In summary, CFC is a rare RASopathy that is caused by alterations in one of several components of the RAS/MAPK pathway. The clinical features of CFC, as well as the associated genotypes, overlap with those of NS.
LS
LS (OMIM 611431) is a rare, autosomal-dominant disorder caused by germline pathogenic variants in SPRED1 (Brems et al., 2007). The prevalence of LS is currently not well characterized (Brems et al., 2012), but variants in SPRED1 are commonly identified in patients with a clinical diagnosis of NF1 who do not have detectable alterations in NF1 (Messiaen et al., 2009). LS patients have skin manifestations, such as café-au-lait macules similar to those of NF1 patients; however, neurofibromas, which are common in NF1, are not a feature of LS. Additionally, some LS patients have dysmorphic facial features similar to those of NS and musculoskeletal features, including pectus excavatum or carinatum and unilateral postaxial polydactyly. Neurological features are also common and include learning disabilities, attention deficit hyperactivity disorder and developmental delay. Lipomas are common and malignancies such as acute myelogenous leukemia have been reported (Brems et al., 2012).

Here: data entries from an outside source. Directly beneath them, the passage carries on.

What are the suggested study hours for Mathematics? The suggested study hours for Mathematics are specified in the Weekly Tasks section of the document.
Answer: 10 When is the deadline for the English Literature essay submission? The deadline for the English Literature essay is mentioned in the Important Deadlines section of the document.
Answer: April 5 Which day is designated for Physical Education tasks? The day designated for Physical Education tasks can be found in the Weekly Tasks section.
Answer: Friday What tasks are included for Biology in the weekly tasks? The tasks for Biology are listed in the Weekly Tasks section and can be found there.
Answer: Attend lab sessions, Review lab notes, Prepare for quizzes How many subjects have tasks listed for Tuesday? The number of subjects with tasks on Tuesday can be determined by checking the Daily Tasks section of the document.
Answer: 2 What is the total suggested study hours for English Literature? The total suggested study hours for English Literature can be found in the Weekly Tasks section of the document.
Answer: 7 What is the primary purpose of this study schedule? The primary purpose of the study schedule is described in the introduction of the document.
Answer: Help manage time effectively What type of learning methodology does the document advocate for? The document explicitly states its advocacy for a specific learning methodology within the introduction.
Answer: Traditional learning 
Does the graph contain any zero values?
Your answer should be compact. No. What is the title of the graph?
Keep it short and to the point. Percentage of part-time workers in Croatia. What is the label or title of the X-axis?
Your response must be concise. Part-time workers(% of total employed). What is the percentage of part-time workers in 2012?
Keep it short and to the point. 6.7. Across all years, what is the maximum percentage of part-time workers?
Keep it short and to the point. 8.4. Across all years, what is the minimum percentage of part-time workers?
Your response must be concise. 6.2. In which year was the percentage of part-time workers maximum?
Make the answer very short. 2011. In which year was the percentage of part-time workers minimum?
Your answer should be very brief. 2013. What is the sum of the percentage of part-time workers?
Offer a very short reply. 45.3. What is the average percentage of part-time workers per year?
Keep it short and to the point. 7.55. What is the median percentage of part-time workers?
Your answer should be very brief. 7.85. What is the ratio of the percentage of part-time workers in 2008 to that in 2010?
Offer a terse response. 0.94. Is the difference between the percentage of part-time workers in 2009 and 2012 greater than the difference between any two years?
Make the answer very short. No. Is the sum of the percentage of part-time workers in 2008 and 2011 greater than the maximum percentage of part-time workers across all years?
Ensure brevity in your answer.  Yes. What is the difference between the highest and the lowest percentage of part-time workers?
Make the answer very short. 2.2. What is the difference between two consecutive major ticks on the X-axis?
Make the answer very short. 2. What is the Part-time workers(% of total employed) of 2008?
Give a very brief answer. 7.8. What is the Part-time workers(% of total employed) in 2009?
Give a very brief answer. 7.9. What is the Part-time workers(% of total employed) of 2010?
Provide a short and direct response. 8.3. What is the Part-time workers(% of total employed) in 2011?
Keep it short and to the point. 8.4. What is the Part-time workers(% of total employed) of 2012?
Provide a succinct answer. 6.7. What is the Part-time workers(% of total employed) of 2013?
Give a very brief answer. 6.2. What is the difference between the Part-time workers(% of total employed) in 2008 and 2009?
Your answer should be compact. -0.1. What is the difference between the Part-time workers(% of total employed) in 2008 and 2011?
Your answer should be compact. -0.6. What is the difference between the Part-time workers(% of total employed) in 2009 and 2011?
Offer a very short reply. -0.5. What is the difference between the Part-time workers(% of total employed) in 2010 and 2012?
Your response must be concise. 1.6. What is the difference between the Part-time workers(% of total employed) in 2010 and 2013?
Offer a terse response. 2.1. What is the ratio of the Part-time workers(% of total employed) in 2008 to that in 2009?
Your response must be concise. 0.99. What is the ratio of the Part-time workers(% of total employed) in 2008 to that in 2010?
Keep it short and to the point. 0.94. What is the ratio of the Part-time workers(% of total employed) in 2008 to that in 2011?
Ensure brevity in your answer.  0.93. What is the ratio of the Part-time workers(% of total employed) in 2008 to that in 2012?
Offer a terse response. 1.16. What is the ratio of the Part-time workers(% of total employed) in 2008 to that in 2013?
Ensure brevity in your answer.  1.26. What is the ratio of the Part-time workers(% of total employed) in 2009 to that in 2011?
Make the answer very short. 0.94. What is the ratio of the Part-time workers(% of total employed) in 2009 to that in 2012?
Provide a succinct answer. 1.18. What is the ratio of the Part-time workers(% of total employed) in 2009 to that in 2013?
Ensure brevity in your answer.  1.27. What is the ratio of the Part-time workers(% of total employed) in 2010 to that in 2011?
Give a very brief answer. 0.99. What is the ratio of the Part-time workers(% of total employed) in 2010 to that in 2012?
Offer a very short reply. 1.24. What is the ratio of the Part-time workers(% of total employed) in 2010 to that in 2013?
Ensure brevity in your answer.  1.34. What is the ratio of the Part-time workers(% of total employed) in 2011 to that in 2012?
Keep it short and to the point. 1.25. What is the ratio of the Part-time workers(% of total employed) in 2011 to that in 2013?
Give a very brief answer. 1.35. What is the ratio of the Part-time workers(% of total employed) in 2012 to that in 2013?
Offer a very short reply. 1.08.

SPRED1 is a molecular scaffold that binds to the NF1 protein and recruits it to the plasma membrane, where NF1 exerts its RAS GAP function. The LS-associated SPRED1 variants, including nonsense, frameshift and missense mutations, prevent NF1 membrane localization (Yan et al., 2020). Expression of LS-associated SPRED1 variants in mammalian cells increased signaling through the RAS/MAPK pathway (Brems et al., 2007).
Spred1 knockout mice are viable but display airway hyper-responsiveness and facial dysmorphia (Denayer et al., 2008; Inoue et al., 2005). Neurobehavioral testing demonstrates that Spred1 knockout mice have impaired spatial learning and memory (Borrie et al., 2021a), as well as altered social and communicative behavior (Borrie et al., 2021b) (Table S7). Importantly, postnatal MEK inhibition with PD-0325901 does not affect the spatial learning and memory phenotypes but does rescue the altered social behavior phenotypes (Borrie et al., 2021a,b). Knockout of the related Spred2 results in an obsessive-compulsive behavioral phenotype (Ullrich et al., 2018), as well as impaired growth, cardiac hypertrophy, splenomegaly and craniofacial malformation (Ullrich et al., 2019). Interestingly, a recent report described a case series of patients with an autosomal-recessive NS-like phenotype resulting from loss of SPRED2 function (Motta et al., 2021), further validating SPRED2 as a RASopathy gene.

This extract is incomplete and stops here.